Not a good choice for couch potatoes, people lacking dog sense, or those with an inability to assert themselves, but a real D_O_G. It's a general working/guard/herding breed, sort of like a pocket Rottweiler. Generally smart as all gettout and active without being manic. Headstrong as they are smart, but highly trainable. They definitely need a job or three, and early socialization is a must. Puppyhood should involve the usual hair-pulling frustration and cursing under one's breath. Once you manage to ride that out, you'd have a great watchdog and companion that is always ready for some fun. A poor choice for busy families that leave a dog alone for long periods. Though they are not typically "clingy", you don't want to leave the puppy to devise his own amusements.

It's a breed I've always wanted. Every one I've met reinforces my opinion. Non-shedding dogs are like Sasquatch; much discussed, but seldom seen.


----------



## Tankstar (Dec 30, 2006)

What about a standard schnazuer? I always thinkt hey look like litle old men with their eyes brows and beards.

Non shedding (well very minimal shedding)
medium size at around 30-45lbs.
good alert dog. (as in will bark)
energenic.


----------



## lovemygreys (Jan 20, 2007)

Whippet? short, low shedding coat. They will bark. Right size. Moderate energy level (not sure about playing fetch though).

There is no such breed of dog as a 'sasquatch'


----------



## RonE (Feb 3, 2007)

> The last one we were looking at was a Beagle, which from what I've been reading, may be what we're looking for.


Let me know when you find that low-shedding beagle. They DO shed and in three colors.

Like most hunting breeds they are also fairly high energy and will make you pay if they become bored or under-stimulated.

I love beagles, but it doesn't sound like the dog you're looking for.



> There is no such breed of dog as a 'sasquatch'


I believe that was Marsh Muppet's point.


----------



## Marsh Muppet (Nov 29, 2008)

lovemygreys said:


> There is no such breed of dog as a 'sasquatch'


They are nothing more than a rough-coated Wookie.


----------



## Elana55 (Jan 7, 2008)

I would look at a standard or miniature poodle. Miniatures go 15 inches at the shoulder max. Yes, they do need to be clipped and they do have energy but the Standard Poodles my Mom had (sequentially) were the best family dogs you could ever want. VERY smart, and just loved to play. Besides, I was 9 or so years old and the monthly dog bath and clipping fell to me. 

Yes they bark. Shedding is minimal. Clip them short (an inch or so long) all over leaving a little xtra fur on the top of the head and the end of the tail. Clip the face and feet and ears real short and you are done. Got to bath them b4 clipping tho! Our poodles were grey. 

These dogs can learn anything. They are joyous animals. Always up for a game with the kids. Wonderful family dogs.
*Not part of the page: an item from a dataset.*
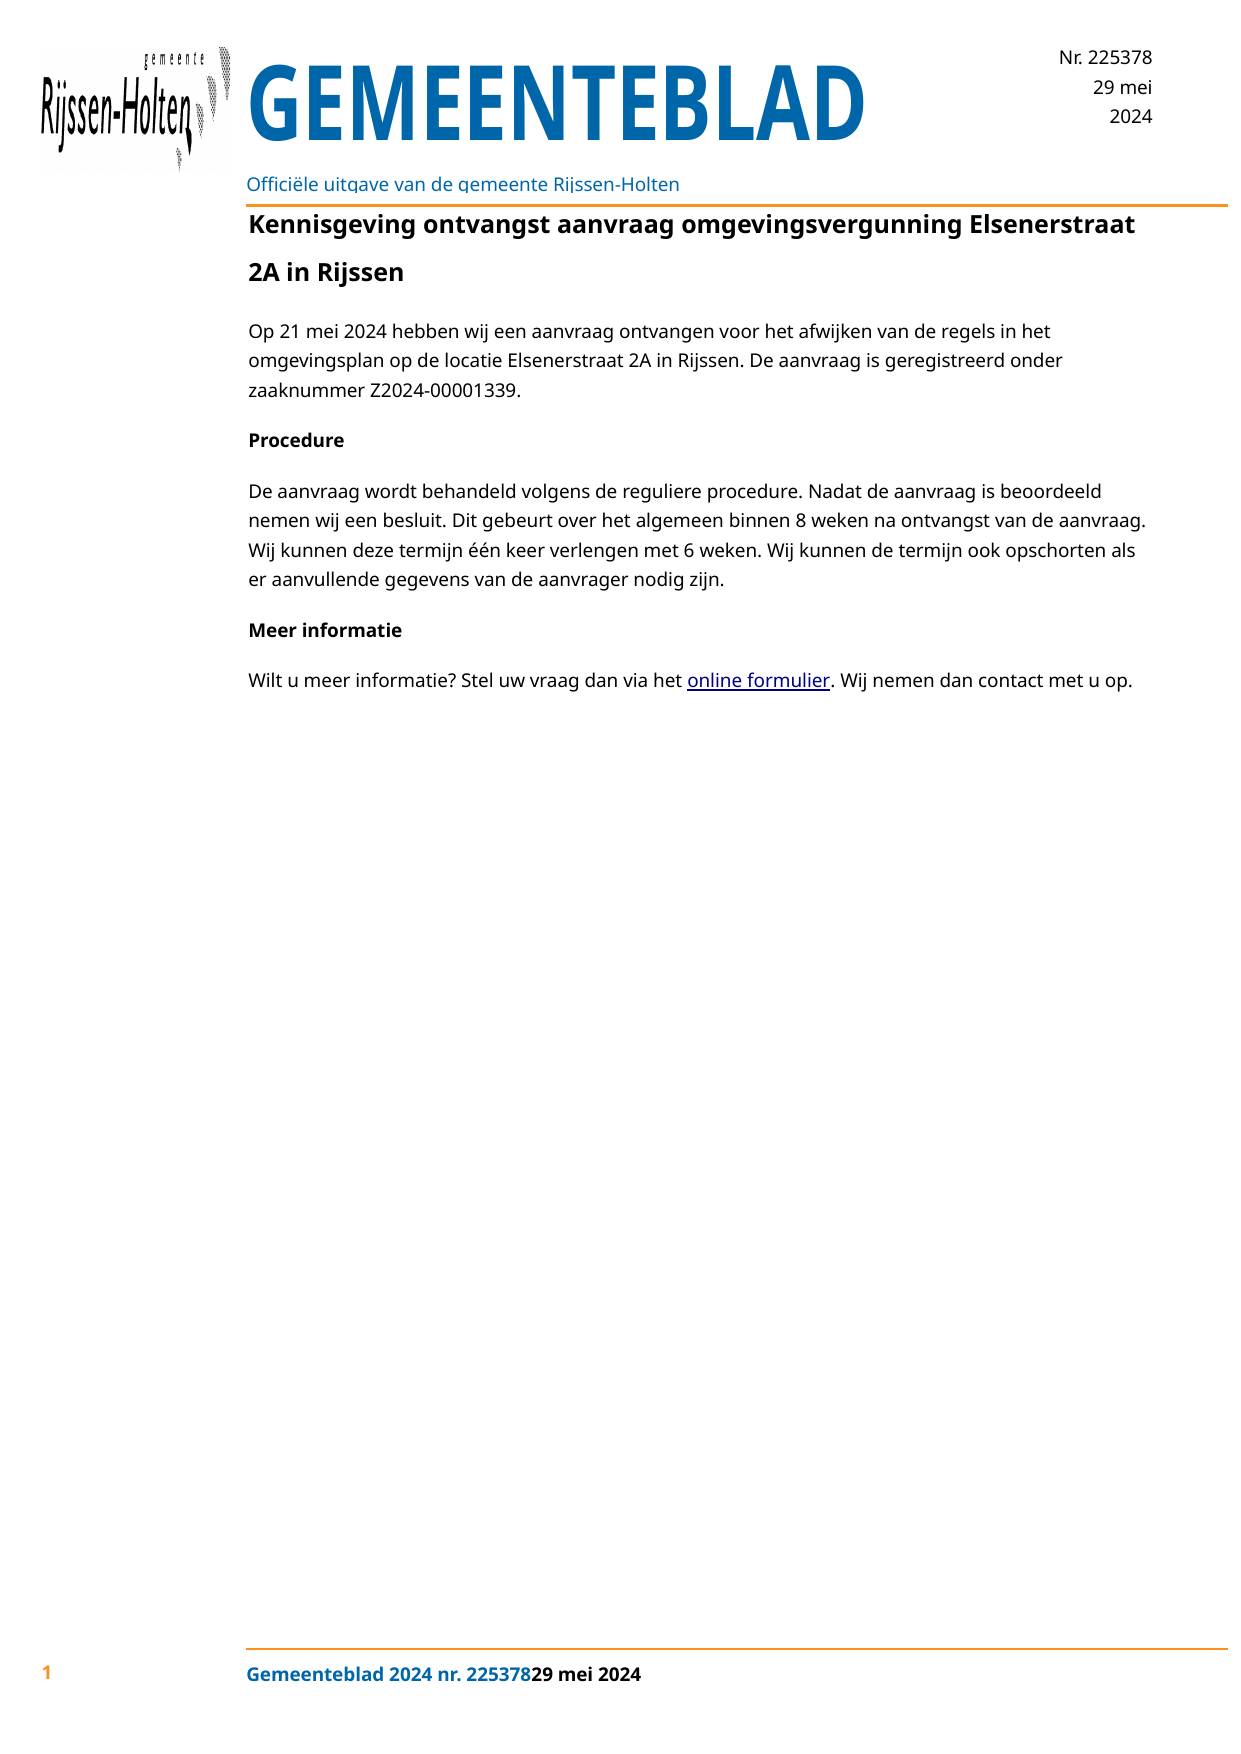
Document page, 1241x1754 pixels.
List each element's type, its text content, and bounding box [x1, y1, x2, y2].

Asmy Mom would often comment.. I have 3 urchins and one well behaved child (that was the dog...).


----------



## myminpins (Dec 20, 2008)

Good suggestion, Elana! A standard poodle would work very well in this situation and they are not "girly" looking, either  They were bred to be water dogs and are one of the brightest dogs out there.


----------



## zimandtakandgrrandmimi (May 8, 2008)

Basenjis do make noise...its just not a typical barking sound...the one I met sort of...well....yodeled....


that said I second the Schnauzer...


----------



## unclearthur (Dec 8, 2008)

You're going to walk down the street with a poodle? Maybe named tinkerbell with a pink ribbon in his hair and a little checkered sweater on?

Try a Labrador retriever, man's best friend.


----------



## Hallie (Nov 9, 2008)

Beagle sounds perfect for you in everything except shedding. Hear it coming from a beagle owner they shed! Not insane amounts but they do shed. I have a beagle that is still a puppy at 8 months. She's fine without a walk a day like if we miss our usual short walk, but with no excercise at all she gets really hyper. Beagles need a lot of training, and tons of practice with their recalls. Keep us updated in whatever you choose. Have you thought about just going to your local shelter? There's all kinds of variety there


----------



## Dogstar (May 11, 2007)

I think you should come adopt one of these kiddos - 










Nice slick coat that's pretty low shedding, mom and dad are both fairly laid back but do bark. Need homes, and will be about 30 pounds - so big-beagle sized.


----------



## grocco (Jan 13, 2009)

Hallie said:


> Beagle sounds perfect for you in everything except shedding. Hear it coming from a beagle owner they shed! Not insane amounts but they do shed. I have a beagle that is still a puppy at 8 months. She's fine without a walk a day like if we miss our usual short walk, but with no excercise at all she gets really hyper. Beagles need a lot of training, and tons of practice with their recalls. Keep us updated in whatever you choose. Have you thought about just going to your local shelter? There's all kinds of variety there


Yeah, I forgot to mention that I was aware of the beagles shedding. Don't get me wrong, I know that any dog is going to shed, but my last dog shed a TON of hair, ALL the time, and so she wasn't allowed in the house regularly. Funny thing was I don't remember her shedding so much when she was younger (she was a mutt, btw, short hair, part pit-bull, I think, and maybe part collie, at least according to the guy I got her from). Regarding beagles, it's just that from what I read they seemed to be a LITTLE more laid back than some of the others I was looking at.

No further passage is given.